# Speculative Decoding: Train and Benchmark Medusa

Large Language Models (LLMs) are changing our world. However, productionizing them can be slow and expensive. Speculative decoding is a technique that can speed up LLM inference by predicting multiple future tokens in parallel. This can reduce the time required for generating text outputs. However, speculative decoding can be complex to implement. Medusa is a framework that simplifies the speculative decoding process while maintaining its benefits.

Medusa accelerates LLM text generation by adding multiple decoding heads to predict several subsequent tokens in parallel, instead of just the next token. It then uses tree attention to efficiently process multiple token candidates simultaneously and a typical acceptance scheme to select plausible continuations, resulting in about a 2x speedup in generation time. By integrating additional "Medusa heads" with the original model, it allows for efficient token generation without the need for a separate draft model. 

This blog post shows you how to train and benchmark Medusa. 

## Training Medusa

Before training our Medusa we need to better understand our data distribution. One of the most important things is to have a good dataset (with similar distribution to what will be used in production) because Medusa has a much higher hit-rate when the generation is in-domain. 

This means if you are going to train Medusa on a dataset that is very different from the data/user queries you have in production, your speedup will be minimal or non-existent. 

There are 3 different ways to select/prepare data for training Medusa:

1. **Self-distillation**: This is the easiest and most effective way to prepare data for training. You can use the same model to generate the data that you will use to train the model. Essentially, you prompt the model with a similar input to what you will use in production and the model will generate the output.
2. **User/Application data**: If you are able to collect real user queries and model outputs, you can use this data to train Medusa. 
3. **Fine-tuning data**: If you don't have access to user data, you can use the fine-tuning dataset to train Medusa.

In this blog post, we will use the fine-tuning data to train Medusa. 

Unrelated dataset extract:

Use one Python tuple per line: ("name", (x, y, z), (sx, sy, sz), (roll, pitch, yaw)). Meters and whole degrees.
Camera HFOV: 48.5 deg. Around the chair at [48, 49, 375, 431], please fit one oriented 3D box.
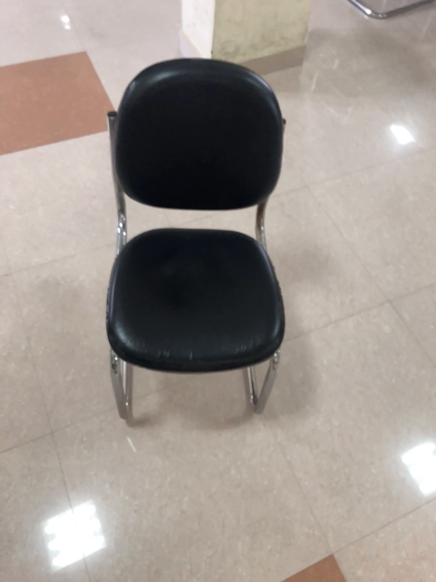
("chair", (-0.051, -0.069, 1.213), (0.500, 0.759, 0.591), (-2, 58, -6))

The dataset or data distribution also plays a key role when evaluating/benchmarking the performance of the Medusa heads. As we learned that Medusa has a much higher hit-rate when the generation is in-domain, it is important to evaluate the Medusa heads on the same data distribution that will be used in production or training. I

Okay lets get started. 🚀 We will use a smalle modified the [original implementation of Medusa](https://github.com/FasterDecoding/Medusa). The repository includes a training script along side a python package. Lets clone the repository and install the package.

In [None]:
# Install Pytorch, Deepspeed & Hugging Face libraries
%pip install "torch==2.4.0" tensorboard "transformers==4.44.2" "datasets==2.21.0" "accelerate==0.33.0" "deepspeed==0.14.5"
# Download and install Medusa packages
# !git clone https://github.com/philschmid/Medusa
# !cd Medusa && pip install -e .

We are going to use the same SFT dataset as used for the model. As model we will use [philschmid/code-llama-3-1-8b-text-to-sql](https://huggingface.co/philschmid/code-llama-3-1-8b-text-to-sql) a Llama 3.1 8b Q-Lora fine-tuned LLM for text-to-sql task. The SFT dataset is available at [philschmid/text-to-sql-dataset-medusa](https://huggingface.co/datasets/philschmid/text-to-sql-dataset-medusa). 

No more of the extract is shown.